By pure chance, Dominey's wife, Lady Muriel Ingram Dominey (Evelyn Ankers), spots Ragenstein, whom she believes to be her husband, at a restaurant in London, and introduces him to Sir Ronald, who invites him to dinner. At the dinner, Sir Ronald offers him a position with the Home Defense.

Unfortunately Ragenstain is recognized as himself at the dinner, by an old friend and mistress, Baroness Stephanie Idenbraum (Kaaren Verne), whom he has to socialize with to avoid suspicion. Lady Muriel sees her husband with the baroness and confronts her "husband" about it. Ragenstein makes up a story and tells Lady Muriel that the baroness just mistook him for another man. Captain Francois Bardinet (Edward Norris) of the French Consulate, who is a guest at the dinner, claims that the baroness' husband was killed in a duel a few years ago by an unidentified, mysterious lover. Lady Muriel is still baffled by her husband's new and improved behavior.

It turns out that Bardinet is a German spy who has had an affair with Lady Muriel. Seamon tells Bardinet to step back and let Ragenstein court his "wife" so that they can get their hands on the plans.

Bardinet gets jealous and sabotages Ragenstein's relationship with Lady Muriel, telling her that he has seen him court the baroness on a previous occasion. The suspicious Lady Muriel talks to Sir Ronald, but he tells her to keep up appearances until they can determine if Dominey is who he says he is.

The information about Dominey's relations with the baroness reaches the British intelligence, and Ragenstein is brought in for questioning. He is disclosed as Ragenstein and arrested as a spy and impostor. Ragenstein still manages to convince Sir Ronald that he is the real Dominey by telling old family stories and claiming that he has killed Ragenstein. He also claims to have infiltrated the German High Command and convinced them that the British aristocracy supports Hitler.

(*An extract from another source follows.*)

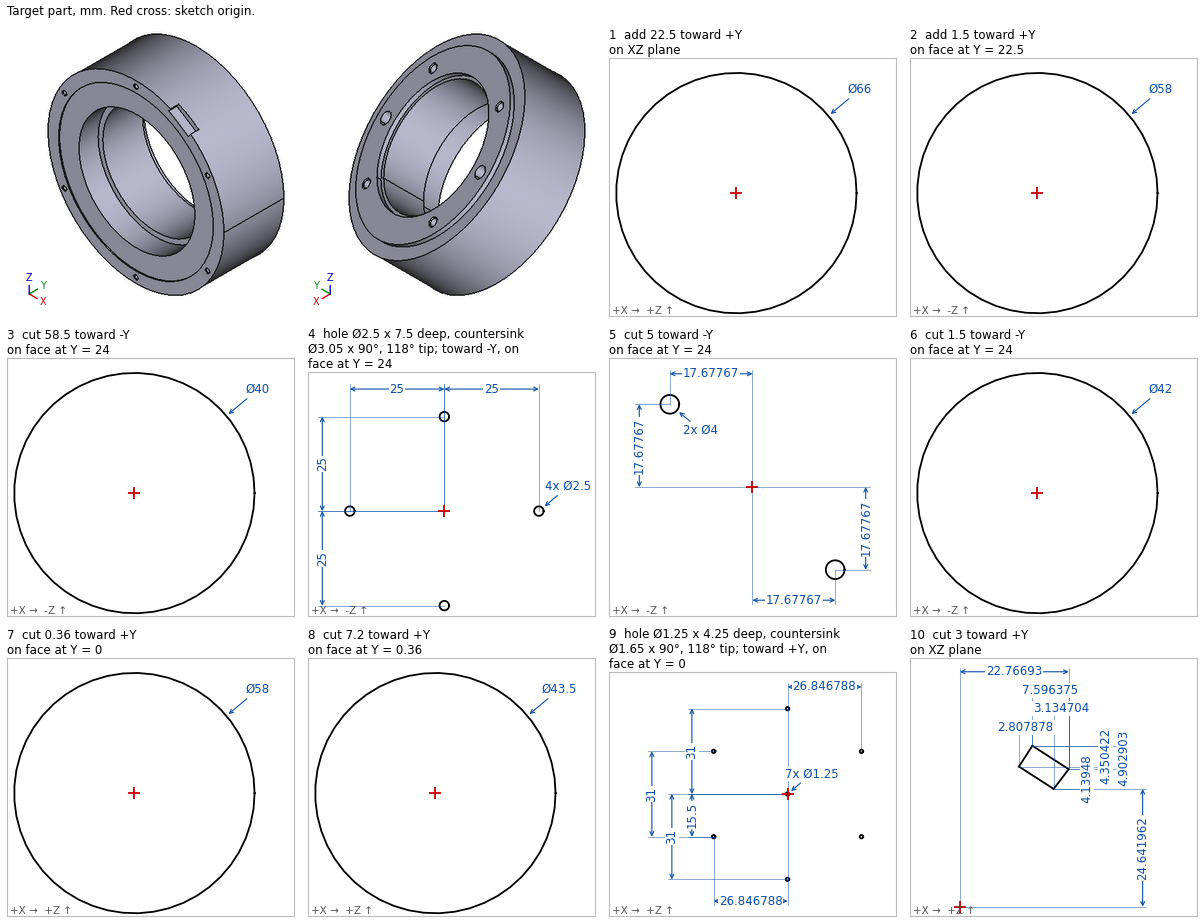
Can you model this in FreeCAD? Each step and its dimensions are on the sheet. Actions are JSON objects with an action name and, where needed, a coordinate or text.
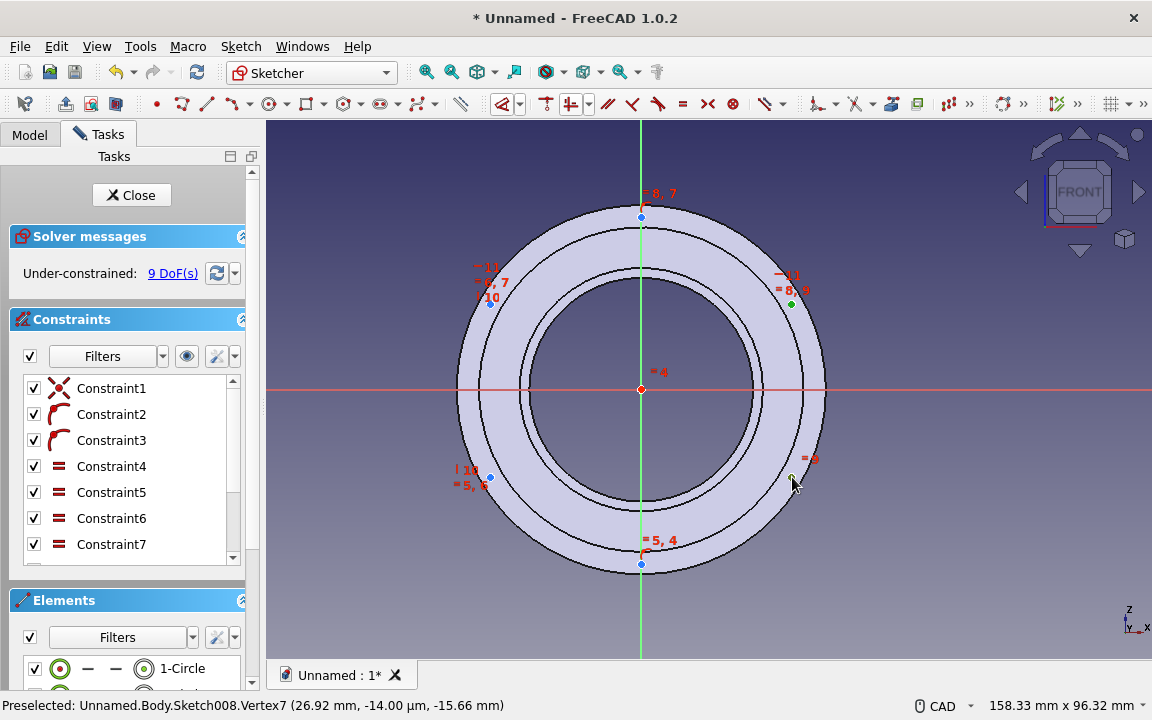
{"action": "key", "text": "v"}
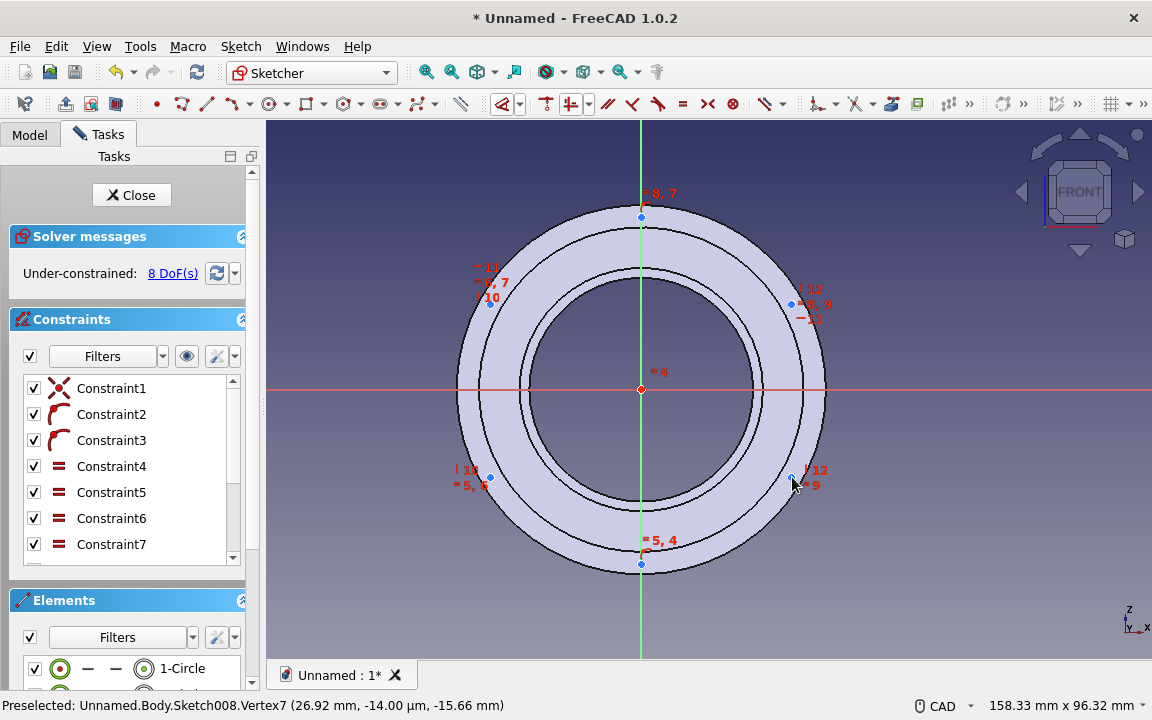
{"action": "left_click", "coordinate": [491, 477]}

The German High Command decides to send a high-level emissary to Britain to visit Dominey at his summer estate in Scotland. Ragenstein delivers the plans to Seamon, to be brought back to Germany by submarine. This time around, the baroness and Bardinet are both suspicious about Ragenstein really being himself, but Seamon assures them they are being paranoid and jealous of his accomplishments. However, they are right in their suspicions.

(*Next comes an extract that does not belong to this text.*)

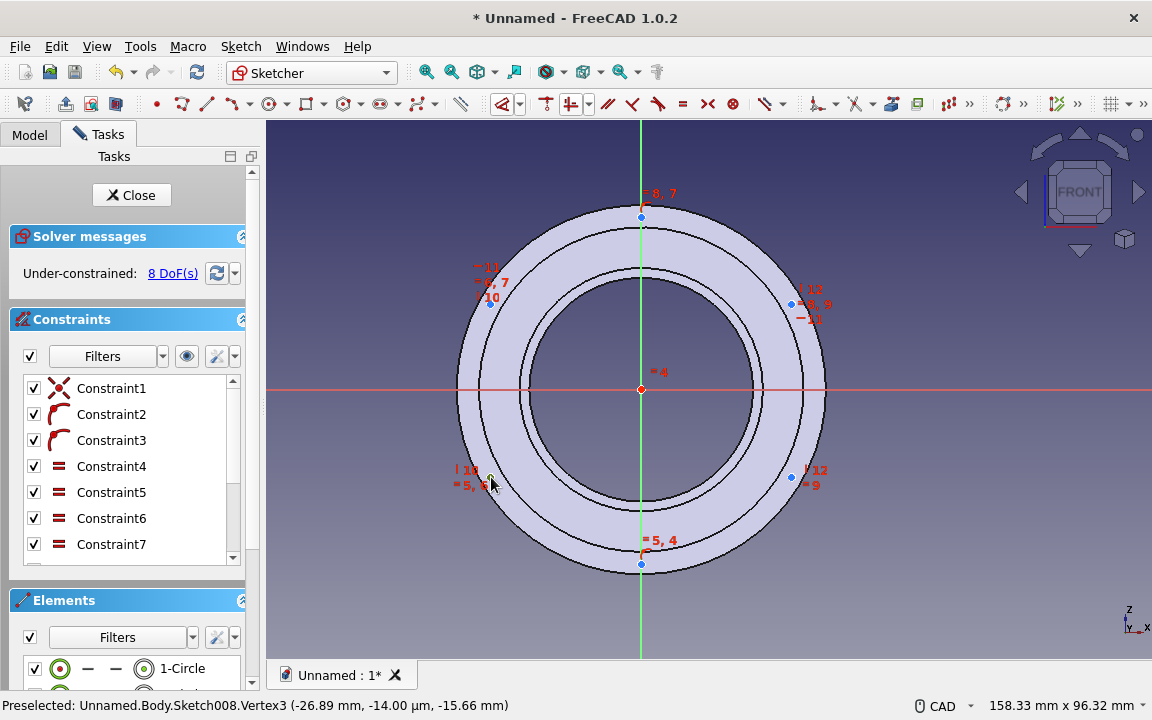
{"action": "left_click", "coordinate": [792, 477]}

When Dominey arrives in Berlin, he receives a warm welcome as Ragenstein. The Germans send Rudolf Hess to Dominey's estate to meet with the English aristocracy in support of Hitler. He is arrested upon arrival, and orders are given to arrest the baroness and Bardinet too. Just before they are apprehended, they manage to send a radio message to Berlin, saying they have been double-crossed by Dominey.

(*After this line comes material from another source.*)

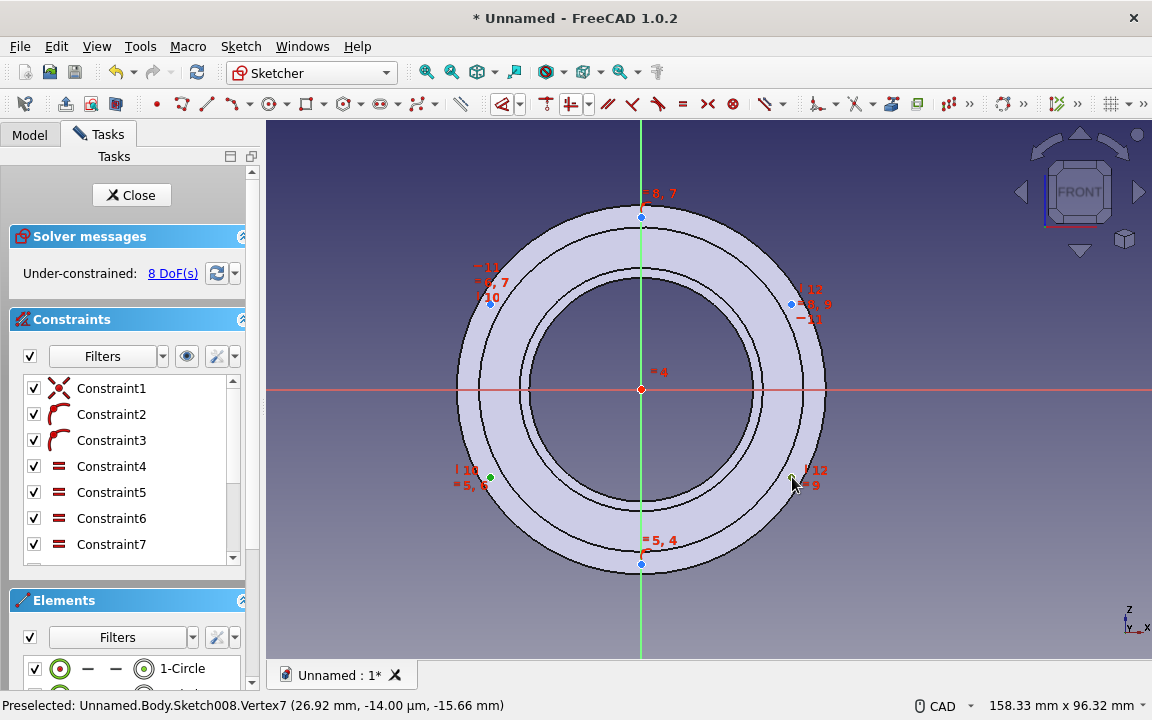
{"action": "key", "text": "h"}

Dominey manages to sneak across the border to France and avoid being arrested by Gestapo. He returns to London to be reunited with his wife.

==Cast==
- Ralph Bellamy as Sir Edward Dominey/Baron Leopold von Ragenstein
- Evelyn Ankers as Lady Muriel Dominey
- Aubrey Mather as Sir Ronald Clayfair
- Edward Norris as Captain Francois Bardinet
- Kaaren Verne as Baroness Stephanie Idenbraum
- Henry Daniell as Frederick Seamon
- Ludwig Stössel as Doctor Schmidt
- Mary Forbes as Lady Leslie Clayfair
- Rex Evans as Sir Tristram
- Charles Coleman as Mangan
- Rudolph Anders as Karl Hofmann
- Val Stanton as English Porter (uncredited)
- Charles Irwin as Yardly
- Frederick Vogeding as Colonel Stengel
- Victor Zimmerman as Curt

==Bibliography==
- Weaver, Tom & Brunas, Michael & Brunas, John. Universal Horrors: The Studio's Classic Films, 1931-1946. McFarland & Company, 2007.